A few words of warning about personal illustrations are worth mentioning.

  • Your illustrations can be personal, but they cannot be too personal. In other words, no one wants to know about your sexual practices or sins (no matter how long ago they occurred), your struggles with money, or your dislike of your in-laws. You can't talk about any sin or weakness in your life that is still unresolved or even too fresh. In the same way, you might get away with telling in a humorous fashion about an argument you once had with your wife years ago, but don't tell them about the fuss you had yesterday! They aren't necessarily sure your marriage will survive it!

  • And when it comes to illustrations about family, ask permission from any family member you will mention before you dare use it. Their answer will depend on their personality and their confidence in you, but if they say no, respect it and accept that answer. Do not let your family feel like they have no privacy or control of how their private lives are presented to the congregation.

Let sanctified common sense guide your use of personal illustrations and you will find them worthwhile.

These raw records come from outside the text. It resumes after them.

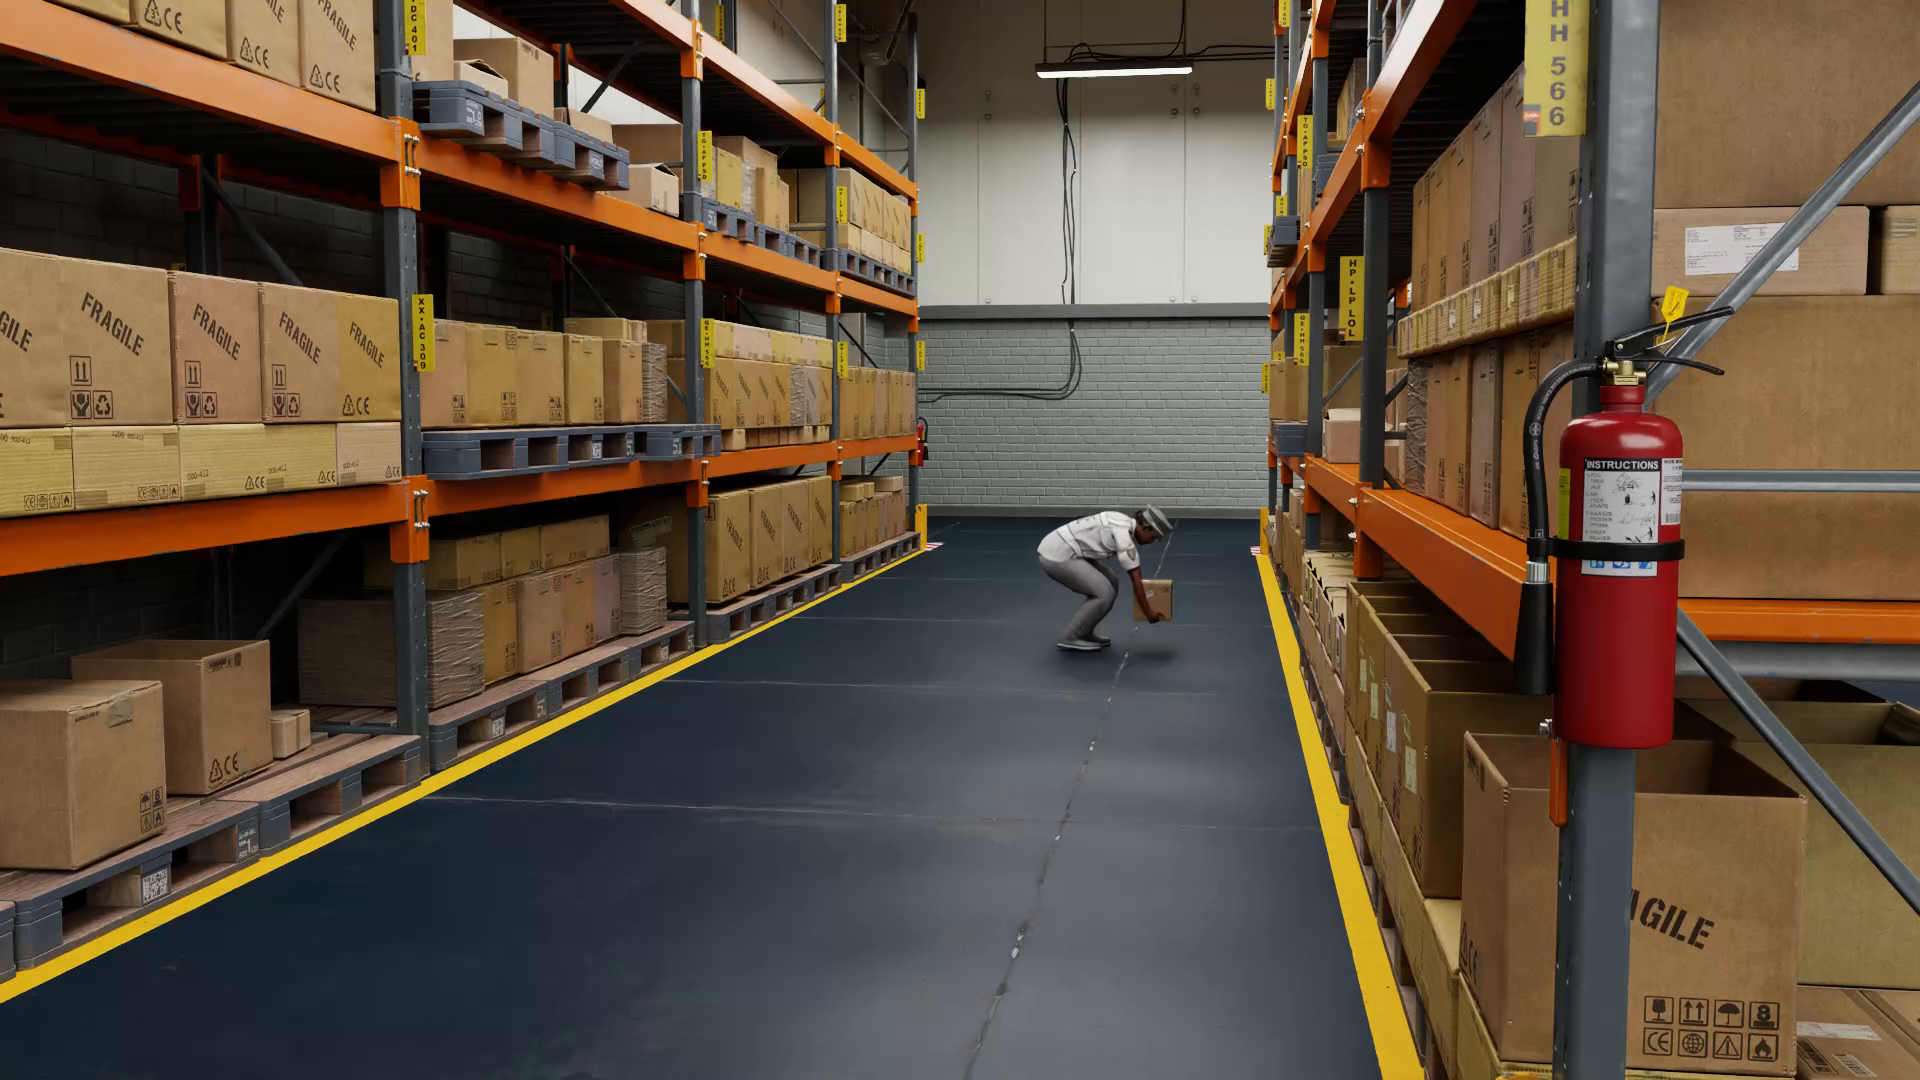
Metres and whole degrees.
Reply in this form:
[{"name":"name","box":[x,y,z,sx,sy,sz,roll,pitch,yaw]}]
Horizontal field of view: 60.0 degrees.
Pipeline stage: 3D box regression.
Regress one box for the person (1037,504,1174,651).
[{"name":"person","box":[0.976,0.245,11.168,0.916,0.979,0.457,1,5,6]}]

5. Look for illustrations everywhere.

If a pastor averages preaching just two sermons a week, fifty weeks per year, he will preach one hundred sermons. And if he uses one illustration for every introduction, conclusion, and three main points per sermon, then he requires five illustrations per sermon and five hundred illustrations per year! If he stays in one church for long, he will discover how difficult coming up with fresh illustrations can be.

Many pastors have actually discovered that they can repeat whole sermon series in the same church years later – so long as they change the illustrations. But if a pastor repeats an illustration, no matter how good it may be, his congregation may think of his preaching as tired, worn-out, and stale – even if the sermon is new and only the illustration is repeated.